Dataset excerpts:
-- -- --
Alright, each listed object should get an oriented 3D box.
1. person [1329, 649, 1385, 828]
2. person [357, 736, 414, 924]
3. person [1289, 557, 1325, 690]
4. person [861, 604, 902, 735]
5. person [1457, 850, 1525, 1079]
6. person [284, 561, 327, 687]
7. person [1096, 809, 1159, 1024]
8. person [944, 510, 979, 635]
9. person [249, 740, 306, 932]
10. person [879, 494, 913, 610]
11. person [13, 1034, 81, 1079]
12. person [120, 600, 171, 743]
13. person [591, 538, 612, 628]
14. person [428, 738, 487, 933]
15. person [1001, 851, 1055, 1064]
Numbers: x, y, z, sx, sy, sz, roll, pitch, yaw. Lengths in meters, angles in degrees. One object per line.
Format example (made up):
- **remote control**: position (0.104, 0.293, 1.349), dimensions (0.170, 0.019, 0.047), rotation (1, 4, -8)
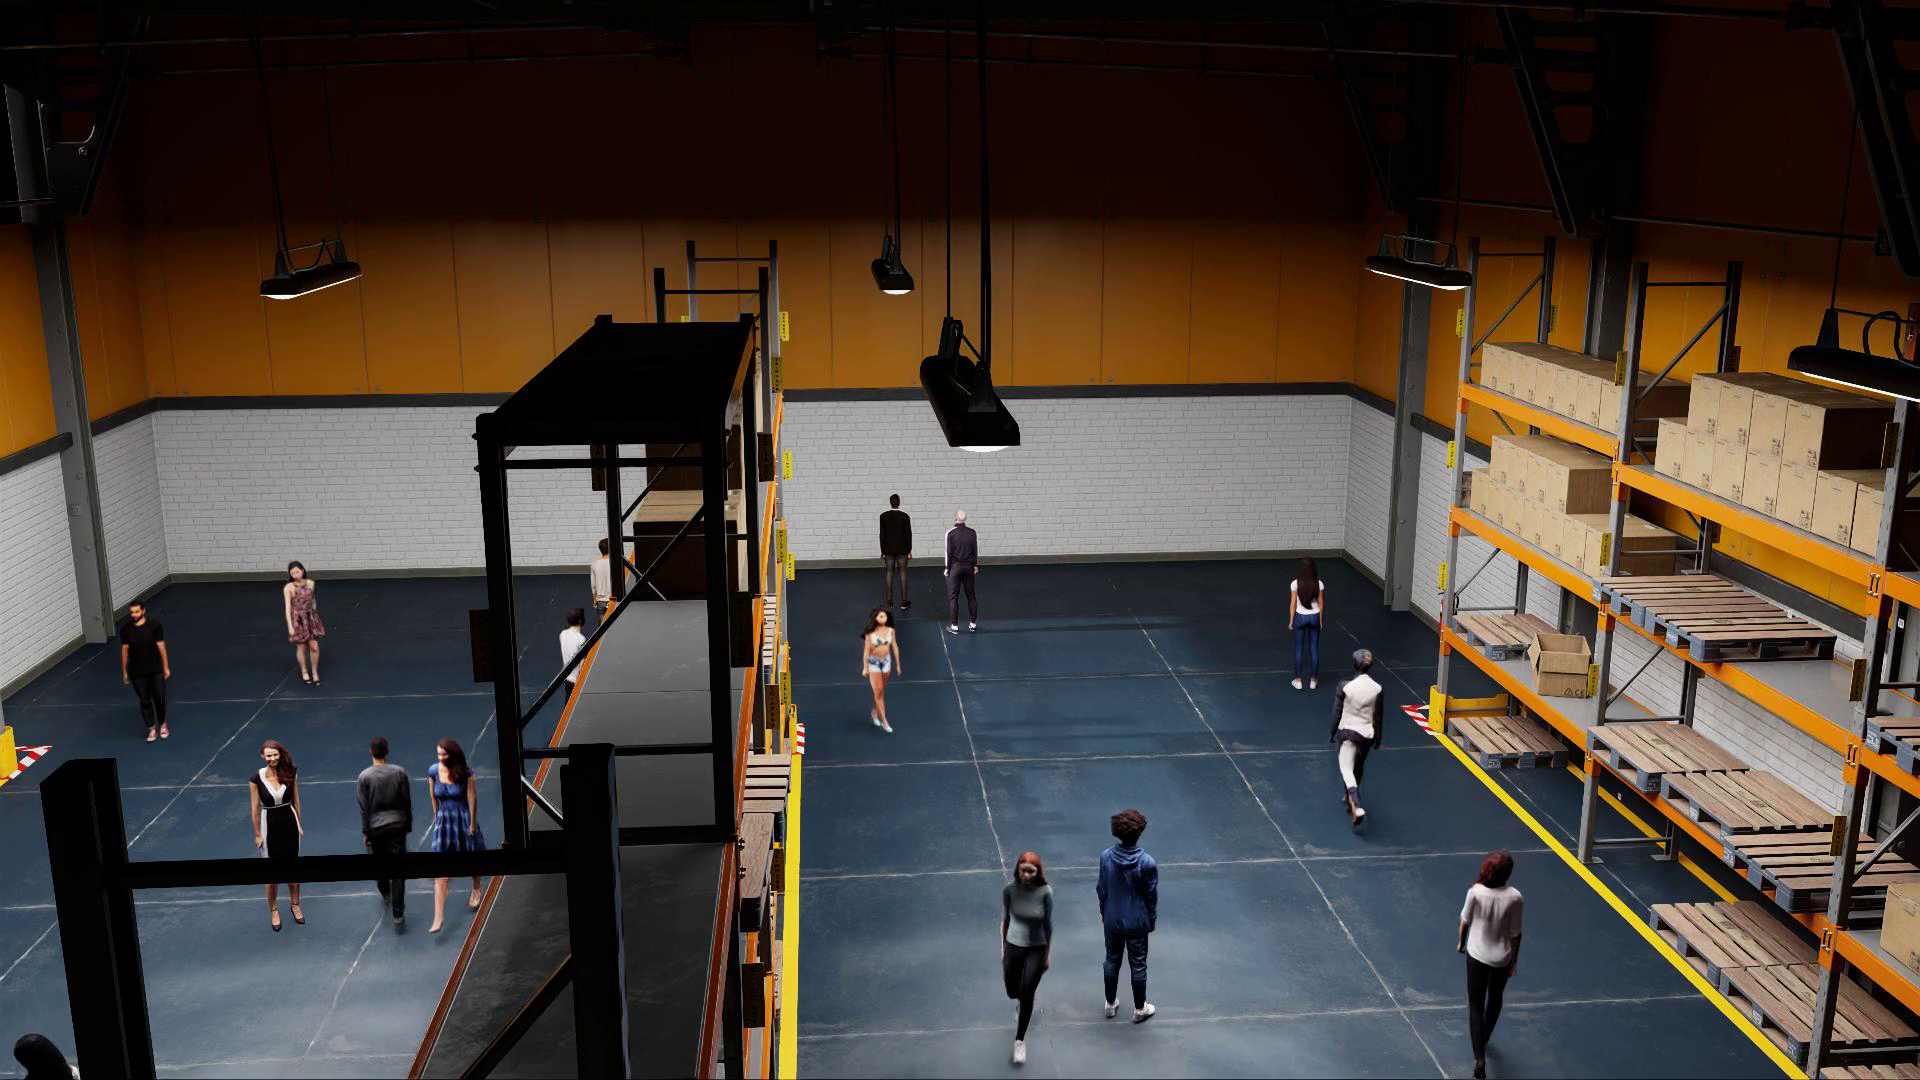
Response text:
- **person**: position (4.198, 2.106, 17.570), dimensions (0.711, 1.865, 1.158), rotation (-1, 14, -2)
- **person**: position (-5.285, 2.714, 15.381), dimensions (0.819, 1.715, 1.211), rotation (-5, 14, -20)
- **person**: position (4.578, 1.091, 21.957), dimensions (0.617, 1.774, 0.555), rotation (1, 14, 3)
- **person**: position (-1.021, 1.553, 20.427), dimensions (0.818, 1.596, 1.008), rotation (-8, 16, -29)
- **person**: position (4.084, 3.308, 12.843), dimensions (0.803, 1.755, 1.175), rotation (2, 14, 9)
- **person**: position (-8.675, 1.112, 21.952), dimensions (0.905, 1.735, 0.828), rotation (12, 18, 41)
- **person**: position (1.373, 3.083, 13.671), dimensions (0.755, 1.803, 0.744), rotation (6, 15, 23)
- **person**: position (0.017, 0.456, 24.451), dimensions (0.748, 1.834, 0.686), rotation (-5, 15, -21)
- **person**: position (-6.263, 2.694, 15.292), dimensions (0.647, 1.796, 0.653), rotation (-10, 17, -36)
- **person**: position (-0.986, 0.168, 25.714), dimensions (0.712, 1.799, 0.649), rotation (2, 14, 9)
- **person**: position (-5.569, 3.916, 10.372), dimensions (0.860, 1.736, 1.059), rotation (-5, 15, -21)
- **person**: position (-9.821, 1.550, 20.110), dimensions (0.706, 1.751, 0.657), rotation (-4, 14, -16)
- **person**: position (-4.821, 0.857, 22.834), dimensions (0.718, 1.816, 0.669), rotation (3, 14, 13)
- **person**: position (-4.631, 2.689, 15.423), dimensions (0.766, 1.744, 1.198), rotation (1, 14, 5)
- **person**: position (0.541, 3.241, 13.175), dimensions (0.707, 1.728, 0.925), rotation (3, 14, 11)
-- -- --
Task to carry out> Please write out, exactly as they appear above, only the lines in the stretch from the line with "1. person [1329, 649, 1385, 828]" through the line with "Format example (made".

Response for this exercise>
1. person [1329, 649, 1385, 828]
2. person [357, 736, 414, 924]
3. person [1289, 557, 1325, 690]
4. person [861, 604, 902, 735]
5. person [1457, 850, 1525, 1079]
6. person [284, 561, 327, 687]
7. person [1096, 809, 1159, 1024]
8. person [944, 510, 979, 635]
9. person [249, 740, 306, 932]
10. person [879, 494, 913, 610]
11. person [13, 1034, 81, 1079]
12. person [120, 600, 171, 743]
13. person [591, 538, 612, 628]
14. person [428, 738, 487, 933]
15. person [1001, 851, 1055, 1064]
Numbers: x, y, z, sx, sy, sz, roll, pitch, yaw. Lengths in meters, angles in degrees. One object per line.
Format example (made up):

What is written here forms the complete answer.